Para no incinerar más rosas

Los fumadores deberían decidirse este 31 de mayo a dar el primer paso en el abandono de una adicción sumamente peligrosa, y hacer su jornada de 24 horas de abstinencia

Autor:

Ana María Domínguez Cruz

Una rosa en un cenicero es el símbolo que recorre el mundo para ilustrar, metafóricamente, la muerte ocasionada por el tabaco. Echar por tierra esa imagen es el objetivo de quienes aspiran a un mundo mejor y más saludable, por lo que se instituyó, desde 1987, el 31 de mayo como el Día Mundial de la lucha contra el Tabaquismo.

Una jornada de 24 horas de abstinencia para los fumadores e intensas campañas de prevención en los diferentes niveles de enseñanza son las propuestas que, anualmente, promueve la Organización Mundial de la Salud (OMS) un día como hoy, con el objetivo de alertar ante el elevado consumo a nivel mundial y los efectos negativos que acarrea para el organismo humano.

Más de cuatro mil sustancias tóxicas contiene el humo de tabaco, entre ellas la nicotina, el monóxido de carbono y el benzopireno, las que aumentan las probabilidades de adicción y consumo de otras drogas más letales y afectan también a los no fumadores cuando están obligados a compartir el local y el ambiente.

En nuestro país el cáncer de pulmón asociado al tabaquismo sigue siendo la localización más frecuente de esta enfermedad, que constituye la segunda causa de muerte, aunque la prevalencia de fumadores en la población mayor de 15 años ha disminuido.

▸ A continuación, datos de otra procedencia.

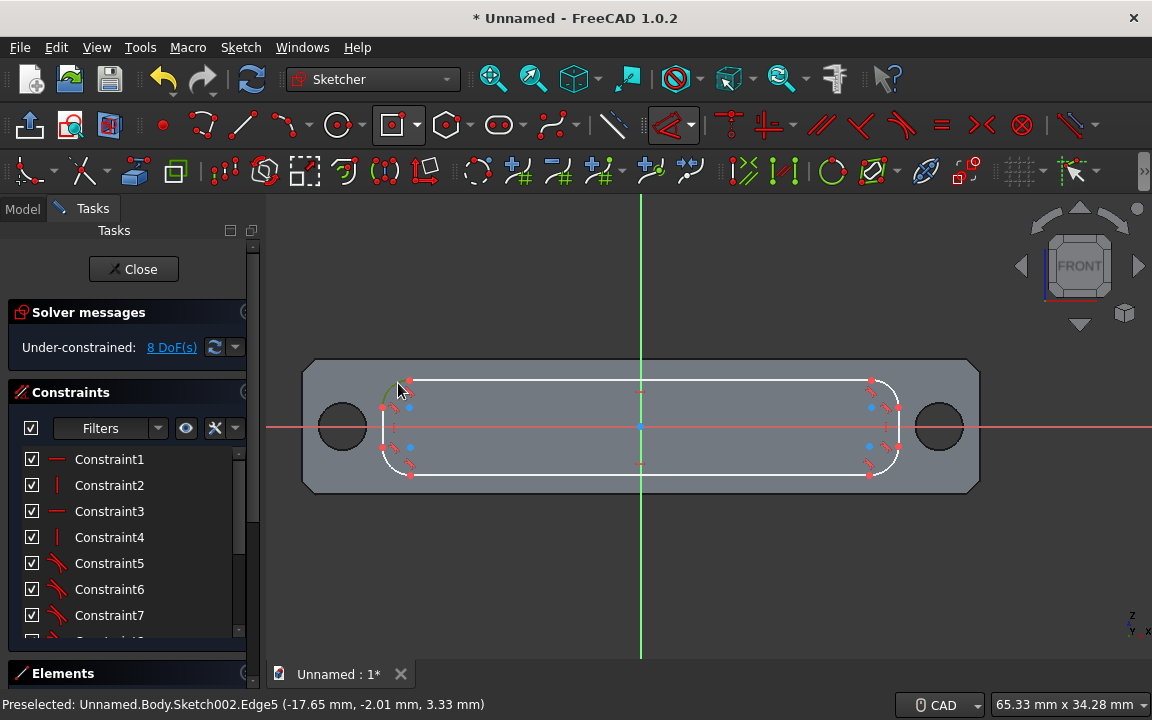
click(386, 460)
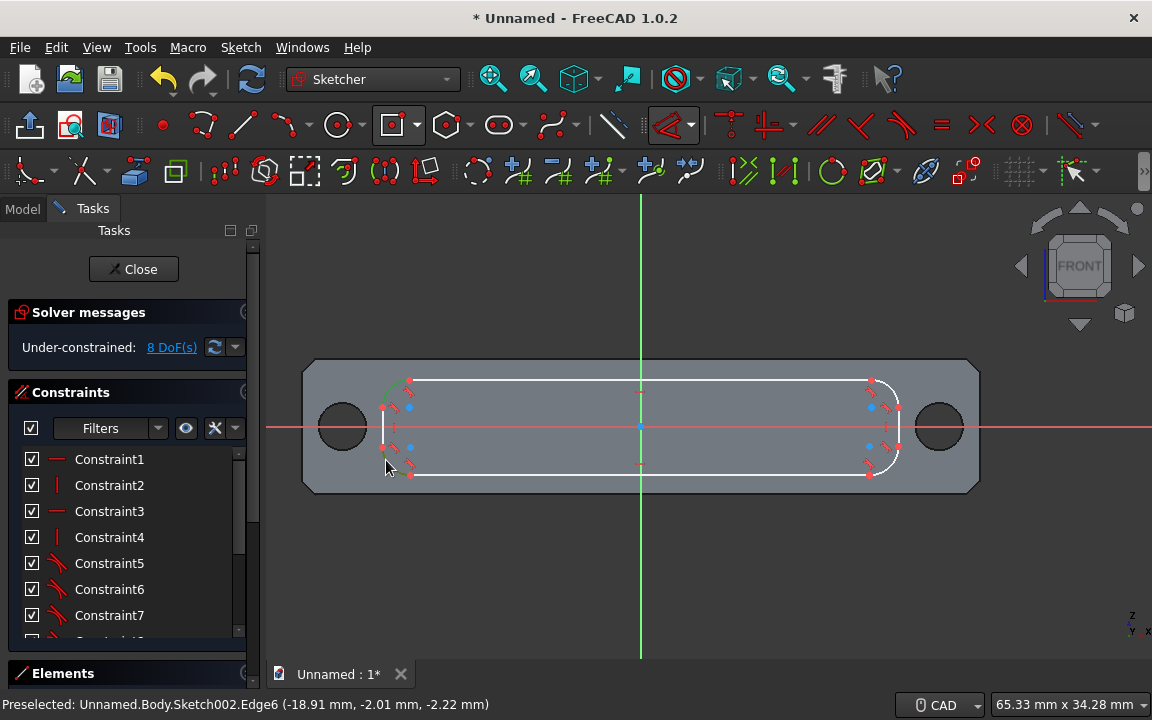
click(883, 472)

Lo anterior es el resultado de las acciones de promoción y prevención desarrolladas, según reflejó una encuesta realizada el año anterior y hecha llegar a la Agencia de Información Nacional por la doctora Patricia Varona, presidenta de la Sección de Trabajadores en Lucha contra el Tabaquismo, de la Sociedad Cubana de Higiene y Epidemiología.

Trastornos respiratorios y afectaciones en el crecimiento y desarrollo intelectual son algunas de las nefastas consecuencias de este hábito para los niños, que los mayores convierten en fumadores pasivos. Por todo ello el intercambio educativo de especialistas con las familias y los docentes debe ser sistemático.

Los jóvenes, más vulnerables a la adquisición de hábitos dañinos como el tabaquismo, son uno de los sectores en los que debe desarrollarse la labor preventiva con mayor insistencia, enfatizó la doctora, —sobre todo porque el consumo de tabaco puede ser la antesala del consumo de otras sustancias—, junto a las mujeres, quienes en la actualidad ya no se mantienen ajenas a esta «práctica de hombres».

Al menos hoy, una vez al año, dediquemos parte de nuestro tiempo a reflexionar, a actuar y a no incinerar más rosas en un cenicero.